Now another giant in the MBA world, Northwestern University’s Kellogg School of Management, has opened a STEM pathway, a move that surely will add to the momentum of elite programs going STEM. Kellogg’s new Management Science major focuses on “the application of analytical techniques, tools, and models across the school’s academic disciplines,” according to the major’s webpage. The newest addition to the Kellogg MBA curriculum will explore a variety of topics, including how to use big data efficiently to understand capital markets and how to apply analytical techniques to solve business problems. “Students,” the webpage reads, “will deepen expertise across disciplines by learning techniques that can be applied to the analysis of problems of business organization and performance.”

“How can the science of science improve the quality of a workplace?” writes Matthew Merrick, Kellogg’s associate dean of degree operations, in a blog post announcing the new major. “Where can big data be used most efficiently to understand capital markets? And how do you identify other opportunities for applying analytical techniques and models to solve problems of business organization and performance? These are just a sampling of the types of questions that Kellogg students in the Management Science major — our newest addition to the Kellogg MBA curriculum — will explore.”

ARRESTING THE APPLICATION SLIDE 

Matthew Merrick, associate dean of degree operations at Northwestern Kellogg. Kellogg photo

Amid a big shuffling of schools atop the new Poets&Quants ranking of top U.S. schools, Northwestern Kellogg was the only school in the top 10 to maintain its previous-year ranking, remaining in fifth place. Meanwhile, the Kellogg School has been No. 6 in the U.S. News ranking for the past two years.

Yet even its solidly elite status hasn’t protected Kellogg from the application slump that has grown from a mid-tier school problem to a crisis at most of the top U.S. schools as well. Kellogg’s two-year MBA lost 15.5% of its application volume in 2018-2019, dropping to 3,779 from 4,471, a decline of 692 candidates.

It was the second consecutive year of declining apps. Over the past two years, Kellogg experienced a 17.8% drop in applications from the record peak of 4,595 in the 2016-2017 admissions cycle. This past year’s falloff in apps is closer to Yale SOM, which reported a decline of 15.6%, and Duke University’s Fuqua School of Business, which saw a 14.6% drop. And it is significantly larger than the declines at Stanford (5.8%), Harvard (6.7%), or Wharton (5.4%).

By embracing STEM, Kellogg, like its peers, hopes to reverse that slide. It is the school’s second foray into STEM country, after the cross-disciplinary MMM program (MBA + MS Design Innovation), but far bigger and more consequential.

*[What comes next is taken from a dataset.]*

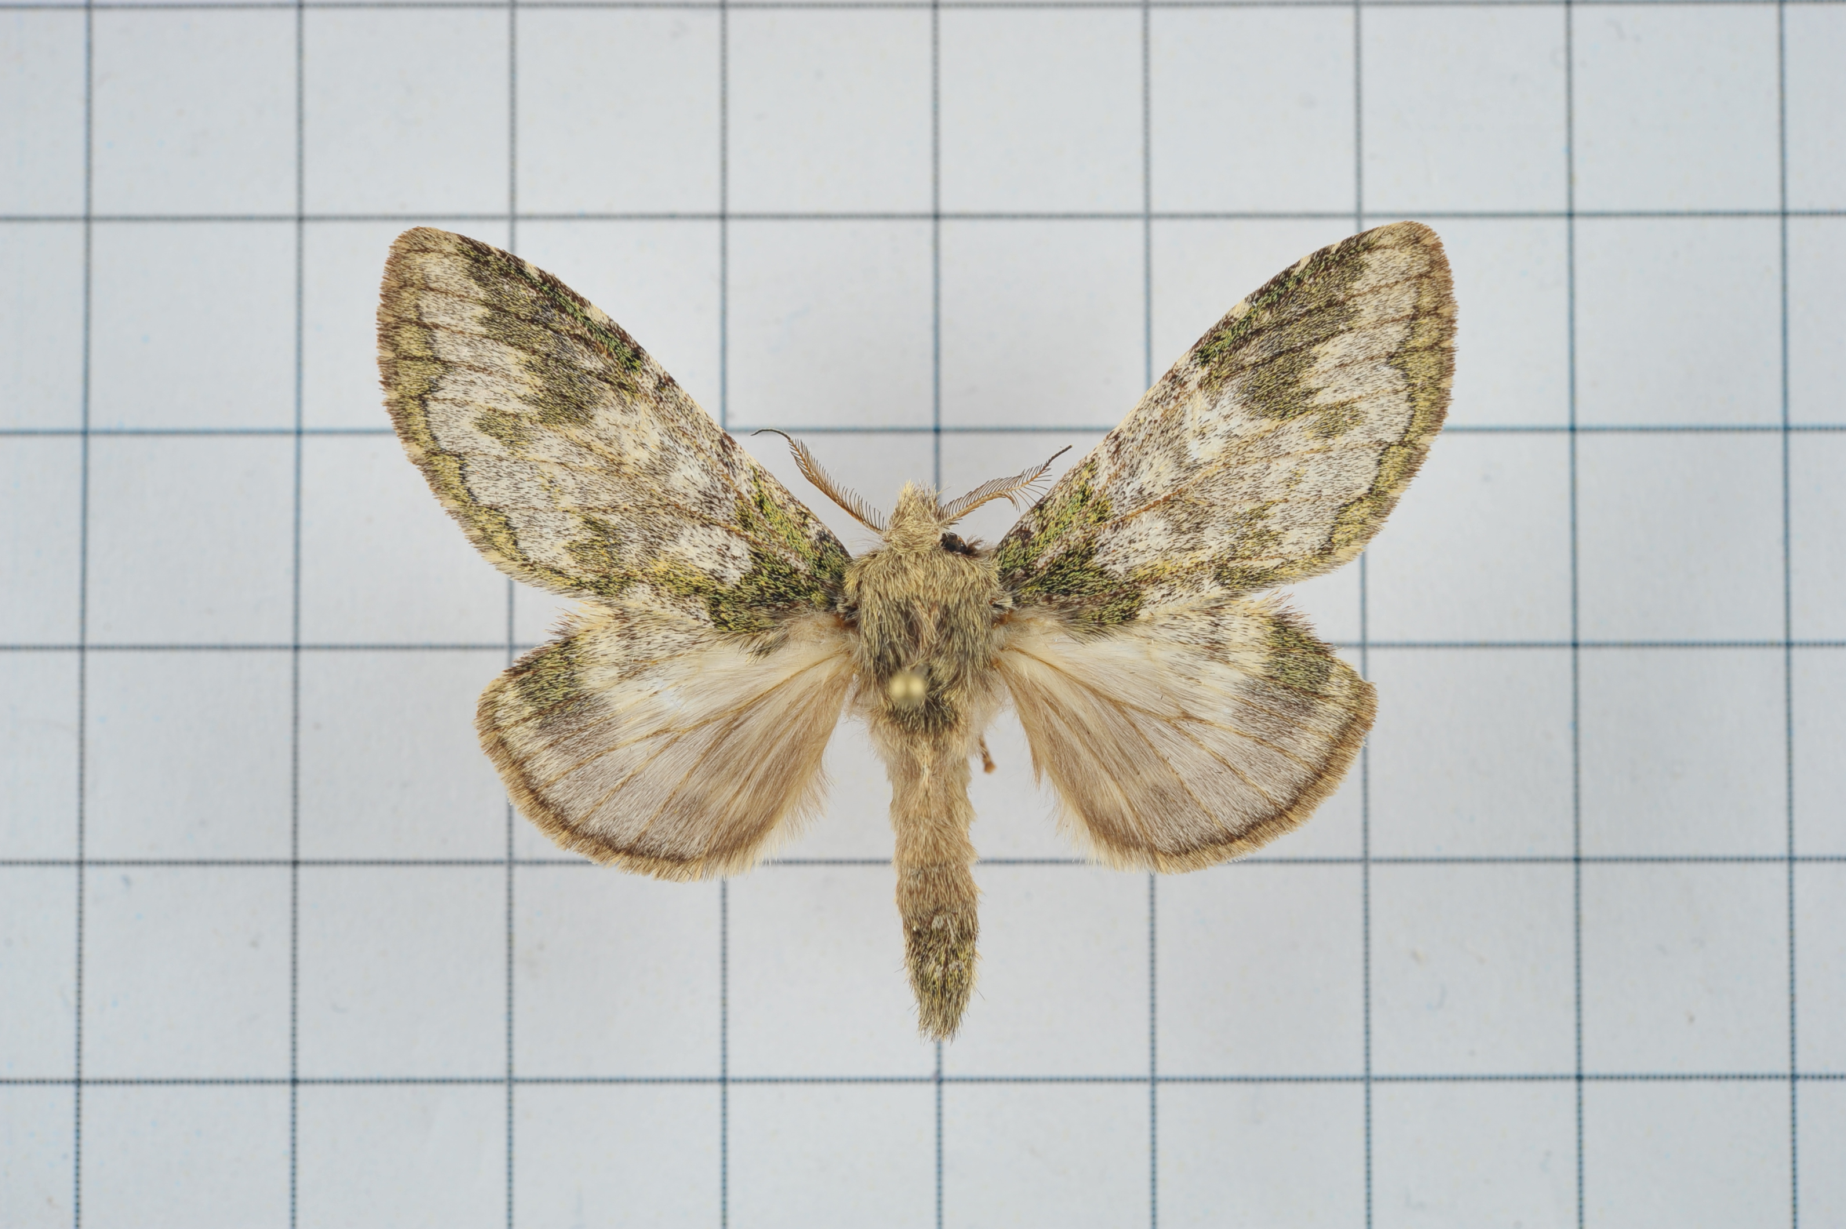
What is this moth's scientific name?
Syntypistis umbrosa

“Kellogg has always been a place where we marry innovative and research-driven topics with business fundamentals to create a multifaceted curriculum, and this new major follows suit,” Merrick writes. “Led by outstanding professors such as Dashun Wang, Nancy Qian, and Rima Touré-Tillery — just to name a few — the classes that qualify run the gamut from Social Dynamics & Network Analysis to Making Business Decisions with Big Data.”

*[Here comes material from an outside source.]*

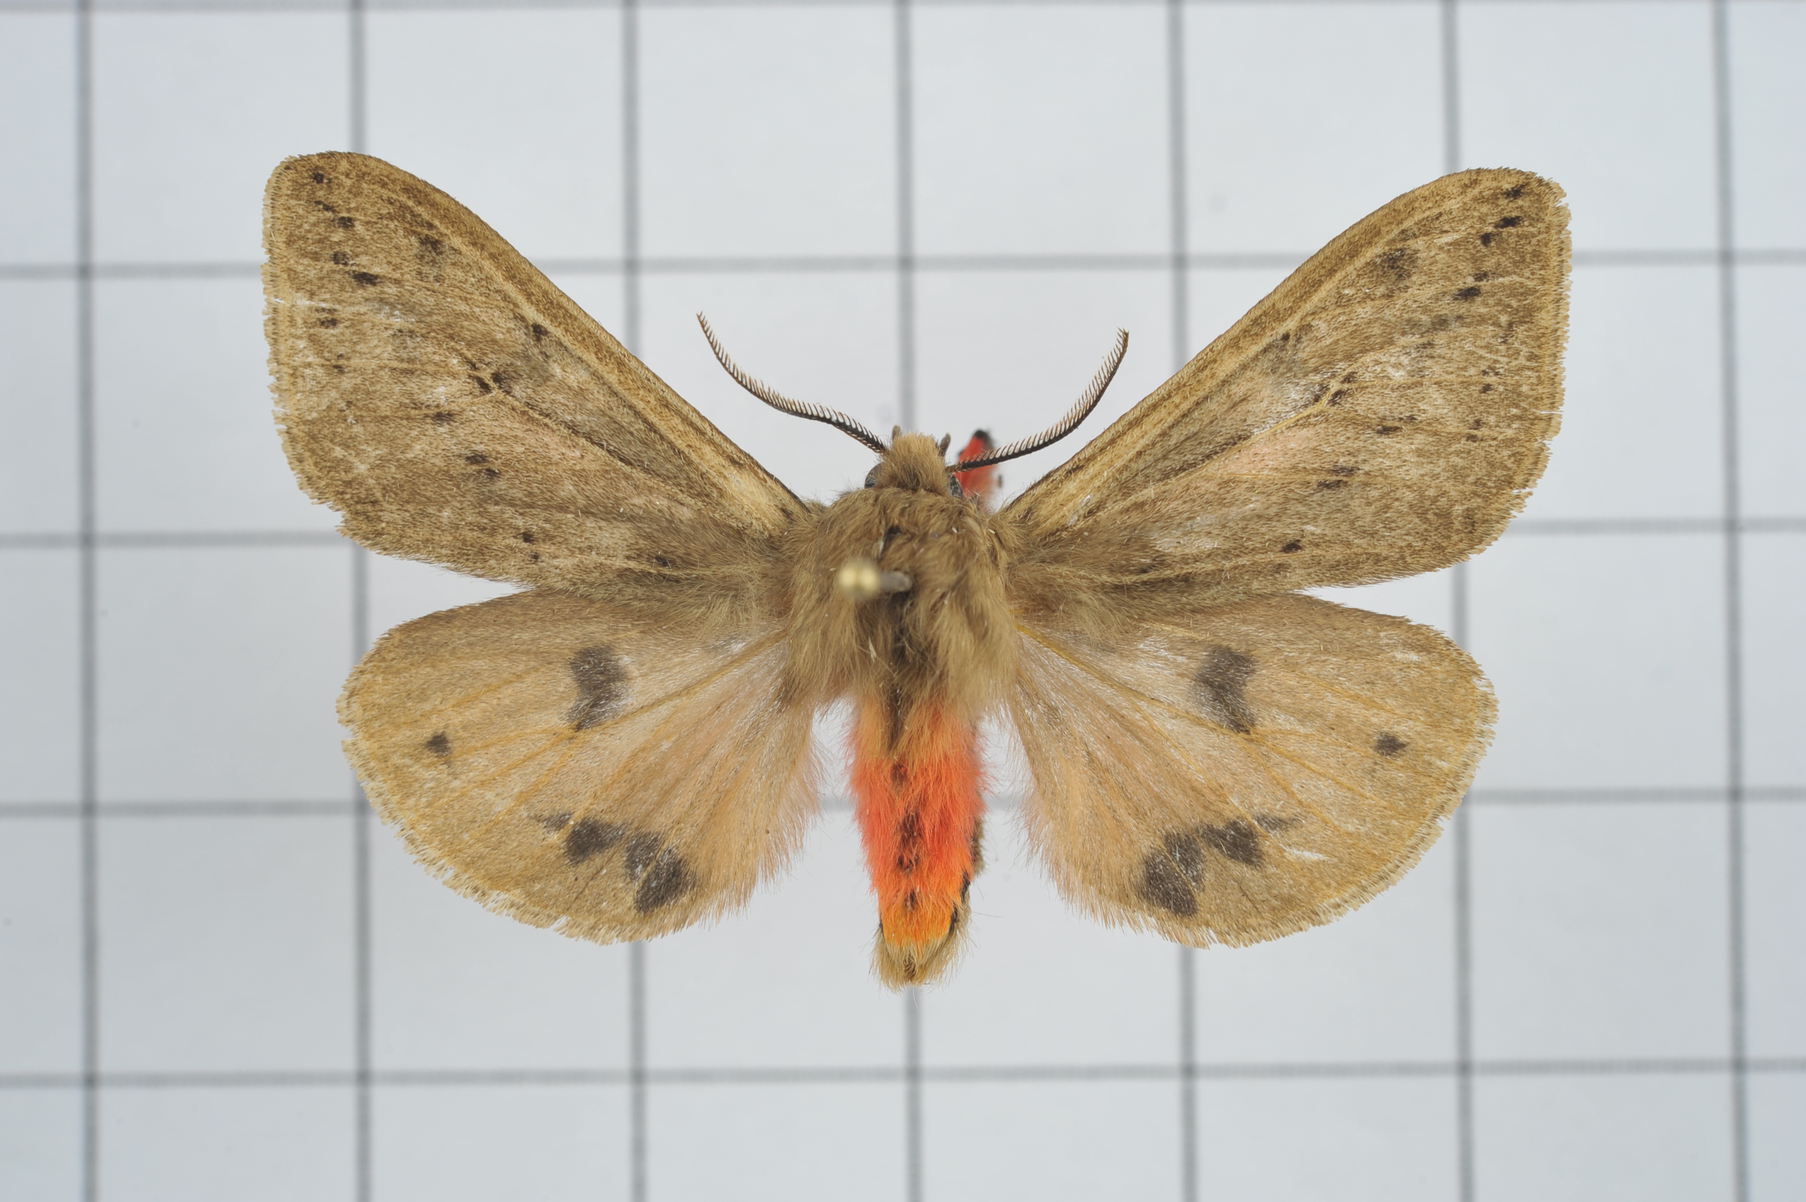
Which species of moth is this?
Spilosoma fumida

Students who choose to major in Management Science, he adds, “will be well-prepared for careers in a wide range of fields, including consulting, technology, finance, and entrepreneurship. Our Career Management Center is working directly with recruiters to identify particular job opportunities where students completing the Management Science curriculum are highly desired.”

THE DAM IS BROKEN

The STEM Optional Practical Training program was launched in 1992 and expanded in 2008 and 2016. Eligible B-school graduates may apply for an additional two years of work on top of the initial one-year, post-completion OPT granted to all non-STEM-degree F-1 visa students; to be eligible, they must have a STEM degree from an accredited U.S. school and must secure employment with an employer that includes a minimum of 20 hours of work per week and formal training within the STEM field.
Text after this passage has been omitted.